How to Draft Brand Style Guidelines

In many ways, a brand identity is akin to your own personal identity. It is what makes your business different from your competition. Shaping a strong brand identity is essential to success in the hyper-competitive modern marketplaces we see today. It plays an integral role in the process of building valuable relationships with your ideal audience.

Drafting clear brand guidelines will help you to ensure that this carefully considered and well-formed identity translates to every single element of your branding, marketing and advertising materials, presenting a consistent and coherent image that your audience will find immediately recognisable and relatable.

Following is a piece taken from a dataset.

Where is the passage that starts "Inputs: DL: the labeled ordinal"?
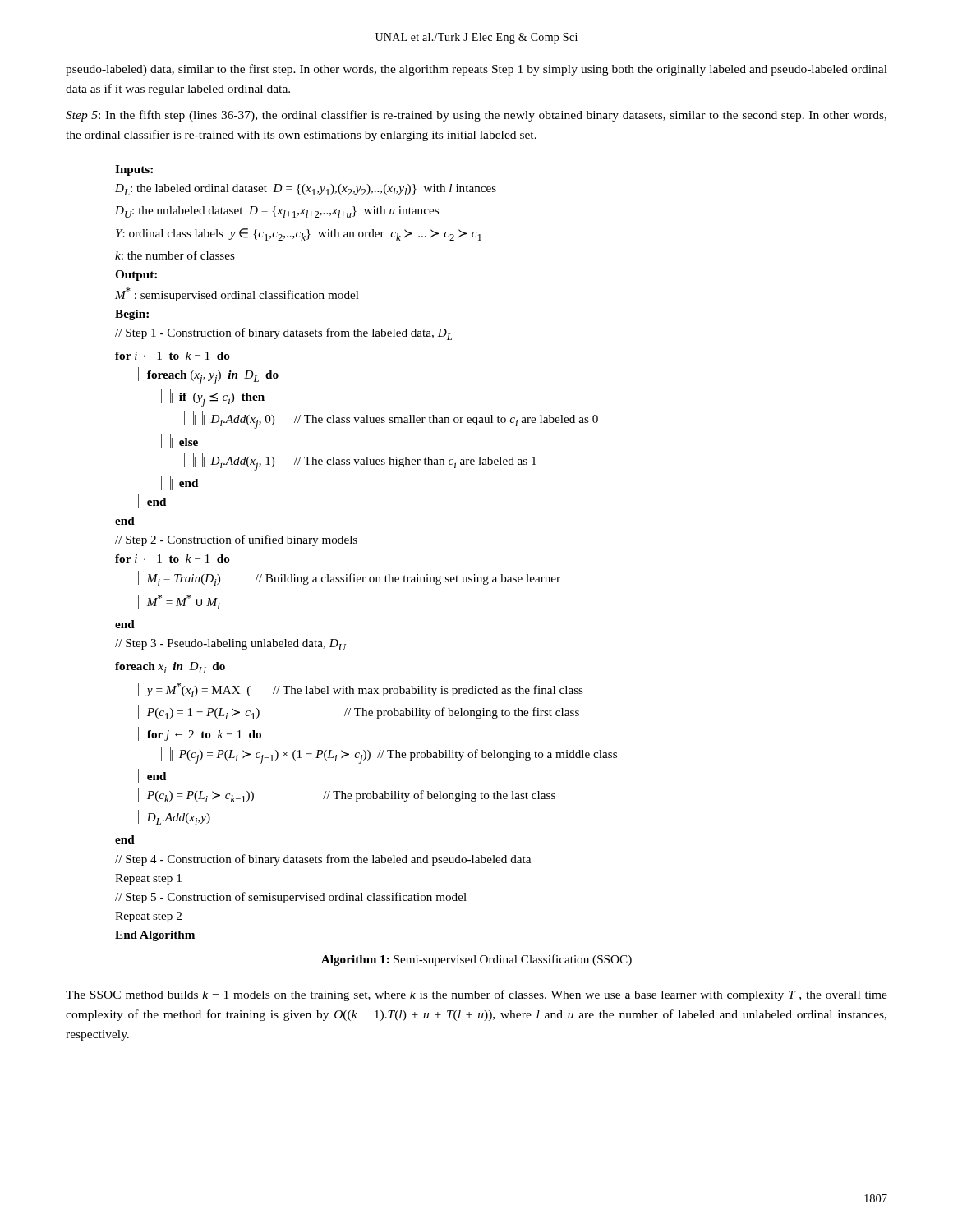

What is a Brand Style Guide?

A brand style guide is a document that contains every important detail about your identity that your team can refer to when marketing, advertising or promoting your brand. Everything from your business copy to the imagery you choose to use on your social media channels must reflect your identity to ensure that you communicate authenticity and consistency.

Your Vision Statement

Building a brand always begins with a clear vision statement which defines precisely what you want to achieve and what sets you apart from the competition. The most effective vision statements have been carefully distilled into one sentence which establishes:

  • The services and/or products you provide
  • Your unique selling point (USP)
  • Where you see the business in 5, 10 or 15 years
  • A few words that best describe your brand

As such an integral element of your brand identity, ensuring that your team understands your vision is essential. Not only should your vision statement be clearly incorporated into your style guidelines, but it should also inform every key decision-making process within your business.

Your Brand Manifesto

Defining a brand manifesto gives you the chance to clearly establish what is driving your business. This statement should be concise, memorable and easy to understand. You might find it helpful to ask the following questions during this crucial process:

  • What are my brand values?
  • What are the pain points my business can address?
  • How can my business inspire and inform an audience?
  • Why should consumers purchase from my brand over my competition?

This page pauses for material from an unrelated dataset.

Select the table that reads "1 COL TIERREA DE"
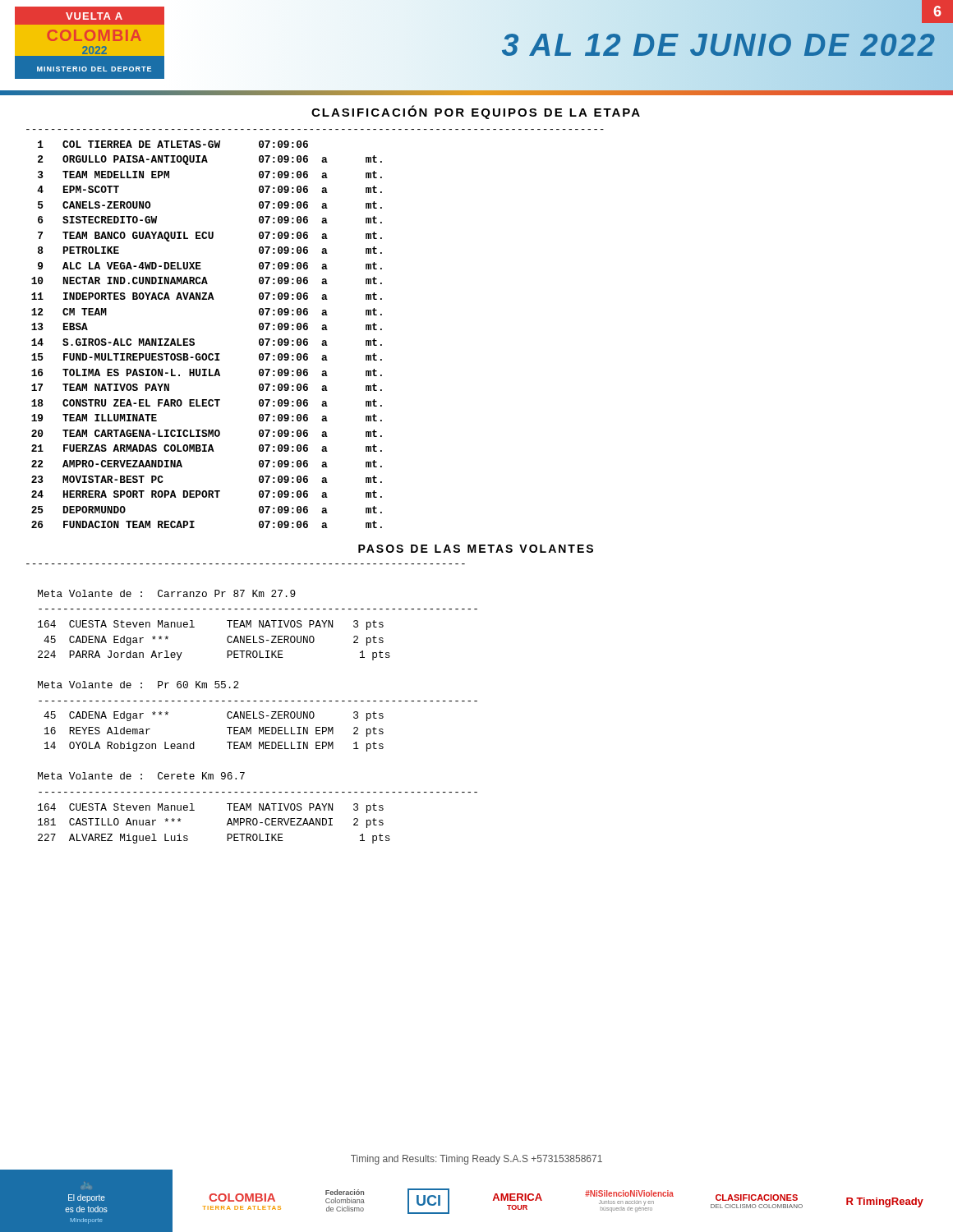Viewport: 953px width, 1232px height. click(476, 328)

Again, it is vital that every member of your team understands your manifesto.

Your Value Proposition

Defining the unique value that you can provide to your customers will help to set you apart. In addition to clearly defining your audience demographic, your value proposition should set out your brand promise and detail what makes you different from your closest competitors.

As soon as you have established the key building blocks that form the foundations of your business, you can begin designing your visual identity and clearly setting these choices out in a style guide. Your aim here is to ensure that your visuals enhance your brand, reflect your values and clearly represent your mission.

There are a variety of ways in which your style guide will be applied, perhaps most notably when creating promotional items to boost the visibility of your brand, such as mugs, bags and promotional umbrellas. It is essential that each of these conveys a sense of identity and consistency but also that the item itself is useful and valued to your core audience.

Your Visual Identity

As one of the most important elements of your visual identity, your brand logo should convey the essence of your brand in a single image. Whether you opt to use icons, typography or graphics, the choices you make here will help you to shape the rest of the elements that collectively make up your brand identity.

Colour

Colour is a key component of a strong identity. In addition to shaping the way your audience feels about your brand, colour will help you to establish the reputation you want to build because we respond in very distinct ways to different hues and tones.

Your style guide should show swatches of your brand colours and detail Pantone names and numbers as well as CMYK, RGB and HEX codes.

Fonts

Similarly to colour, typography can evoke a variety of responses. For example, sans-serif fonts are generally viewed as being somewhat more informal than serif fonts.

It is a good idea to explain the reasons as to why your chosen fonts are so crucial to your brand identity in your style guide. Additionally, you must also make it clear precisely what each font should be used for as you might want to utilise different fonts for your headlines and your body text.

Alignment details should also be clearly set out here, particularly if it is critical that your copy should always be aligned right, aligned left or centred. Spacing information will also be critical to your design team, so include tracking and kerning ratios here to ensure that a consistent style is maintained even when changes to font sizes are required.

Consistency

The strongest brands implement consistency across everything they do. The more frequently you communicate a key message or aesthetic, the more familiar and memorable it will become to your audience. This is precisely why creating a style guide and ensuring that everyone in your organisation has access to it is so important.

Your style guide should include every approved version of your logo and clearly explain when it is appropriate to utilise each one. Providing visual examples will make these guidelines clear and ensure that your design team will find them easy to follow.

The instructions you include here should make clear:

  • Proportions and minimum size guidelines
  • Whether any white space should be left around visual imagery
  • Appropriate colour usage, explaining where and when to use different versions
  • Whether there are any ways you don’t want your visual imagery to be used

Your business is about more than the products and/or services you provide and you must take every opportunity to tell the world why you are the best at what you do. Your style guide will help your team to stay true to the ethos and values of your brand as you drive the business forward to still greater success.